Source-induced perceptual distances (from Fig. 2) plotted versuscorresponding modeled distances obtained using P (left) and Pmod (right). The symbols and colors represent the different distance types, the size of the symbols is proportional to the SNR

5.2 Consonant Recognition and Confusions

The grand average consonant recognition rates obtained in experiment 1 showed a speech reception threshold (SRT) of ‑3 dB. The predicted SRTs were overestimated by 2.8 dB using P and by only 0.4 dB using Pmod. The token-specific SRTs showed a large spread across speech tokens, which was smaller in both model predictions. However, Pmod captured the relative ranking of token-specific SRTs considerably better than P (Spearman’s r of 0.4 and 0.04, respectively).

The across-listener average data obtained in experiment 1 were averaged across different speech tokens of the same phonetic identity and across the four lowest SNRs (as most confusions occur for low SNRs). The resulting confusion matrices (CMs) are shown as filled gray circles in both panels of Fig. 4. The model predictions are plotted on top as open black circles. For P (panel a), an underestimation of the recognition for many consonants was observed, indicated by the mismatch of the on-diagonal circles. For Pmod (panel b), a good consonant-specific recognition rate match was found. Both models hit most of the confusions, reflected in the proportion of gray off-diagonal circles matched with a black circle.
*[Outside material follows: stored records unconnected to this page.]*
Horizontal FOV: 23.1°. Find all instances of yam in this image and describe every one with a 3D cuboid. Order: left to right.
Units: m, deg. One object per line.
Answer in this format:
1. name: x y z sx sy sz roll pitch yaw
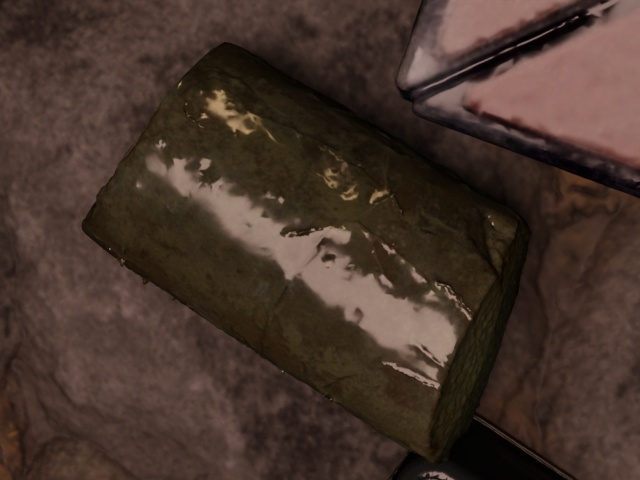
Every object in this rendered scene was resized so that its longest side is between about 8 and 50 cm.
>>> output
1. yam: 0.000 0.000 0.945 0.268 0.161 0.161 32 109 10

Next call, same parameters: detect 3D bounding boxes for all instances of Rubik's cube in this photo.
1. Rubik's cube: 0.207 -0.154 0.789 0.259 0.260 0.254 23 109 8

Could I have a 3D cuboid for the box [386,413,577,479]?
1. box: 0.081 0.227 1.005 0.144 0.090 0.201 34 109 7

However, there were also many “false alarms”, particularly in the P-based predictions (panel a).

Fig. 4
figure 4

Confusion matrices obtained in experiment 1, averaged across listeners, speech tokens of the same phonetic identity, and across SNRs of 0, ‑6, ‑12, and ‑15 dB. The perceptual data are shown as filled gray circles in both panels. The model predictions obtained with P (left) and Pmod (right) are represented as open black circles

6 Summary and Discussion

The investigation of different sources of variability in Sect. 3 indicated that any considered difference in the stimuli produced a measurable effect. The observed perceptual variability across talkers is well established in the related literature (e.g., Phatak et al. 2008); the equally large variability within talkers had not yet been demonstrated. Most remarkably, even a 100-ms time shift in the white masking-noise waveform induced significant perceptual variability, indicating that “steady-state” masking noise should not be considered steady over time in the context of consonant cues. On the receiver side, different NH listeners with identical language background showed substantial differences while individual listeners could fairly reliably reproduce their responses. Averaging consonant perception data (even across NH listeners) thus seems problematic.
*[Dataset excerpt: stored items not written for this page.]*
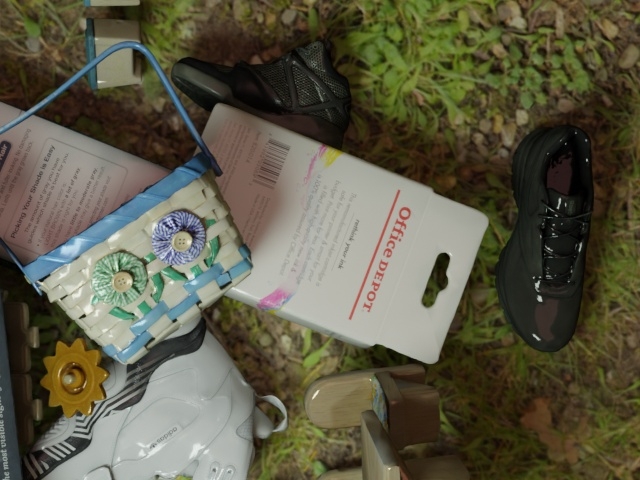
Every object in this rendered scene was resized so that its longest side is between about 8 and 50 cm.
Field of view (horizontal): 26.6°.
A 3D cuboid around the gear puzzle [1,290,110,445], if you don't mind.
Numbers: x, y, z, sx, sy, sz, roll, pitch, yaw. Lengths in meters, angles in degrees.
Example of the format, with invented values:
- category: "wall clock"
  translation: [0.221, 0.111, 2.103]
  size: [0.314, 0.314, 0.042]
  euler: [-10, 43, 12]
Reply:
- category: "gear puzzle"
  translation: [-0.373, 0.144, 1.522]
  size: [0.338, 0.044, 0.176]
  euler: [-4, 88, 27]

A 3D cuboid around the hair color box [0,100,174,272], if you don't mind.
- category: "hair color box"
  translation: [-0.359, -0.059, 1.598]
  size: [0.347, 0.105, 0.174]
  euler: [22, 80, -4]

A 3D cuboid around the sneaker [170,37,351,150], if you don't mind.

The predictions obtained in Sect. 4 with the energy-based (P) and the modulation-based (Pmod) pre-processing stages both accounted for the trends in the perceptual data with respect to the considered stimulus-related sources of variability. Consonant recognition was strongly underestimated using P and well-predicted using Pmod. An inspection of confusion matrices suggested that both models correctly predicted most of the perceptual confusions, albeit with some “false alarms”. The overall larger predictive power obtained with Pmod indicates that slow envelope fluctuations up to 16 Hz are a good predictor for consonant-in-noise perception. This is consistent with the findings by Gallun and Souza (2008).
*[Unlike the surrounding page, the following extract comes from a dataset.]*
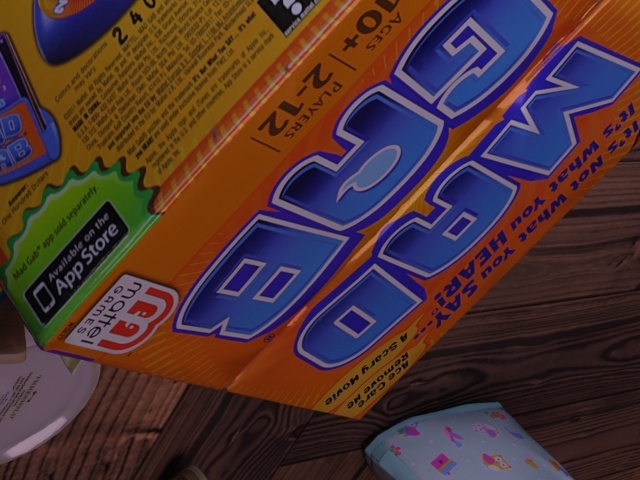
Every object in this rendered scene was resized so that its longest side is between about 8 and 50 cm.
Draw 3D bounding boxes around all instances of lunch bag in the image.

The perceptual data analysis has implications for the further model design. It was shown that the internal noise increased with decreasing SNR. This could be incorporated in the model using an SNR-dependent random process in the decision stage (instead of SNR-dependent templates). Furthermore, the model predicted responses of a hypothetical “average” NH listener, which is unrealistic given the considerable across-listener variability. It remains a challenge to include listener-specific differences in the model, as it is not clear whether these differences can be accounted for by slight sensitivity differences between the NH listeners, cognitive effects, individual biases, or any combination of these factors. Eventually, an extension of the model towards different types of hearing impairment might be useful to understand the link between individual impairment factors and microscopic speech intelligibility.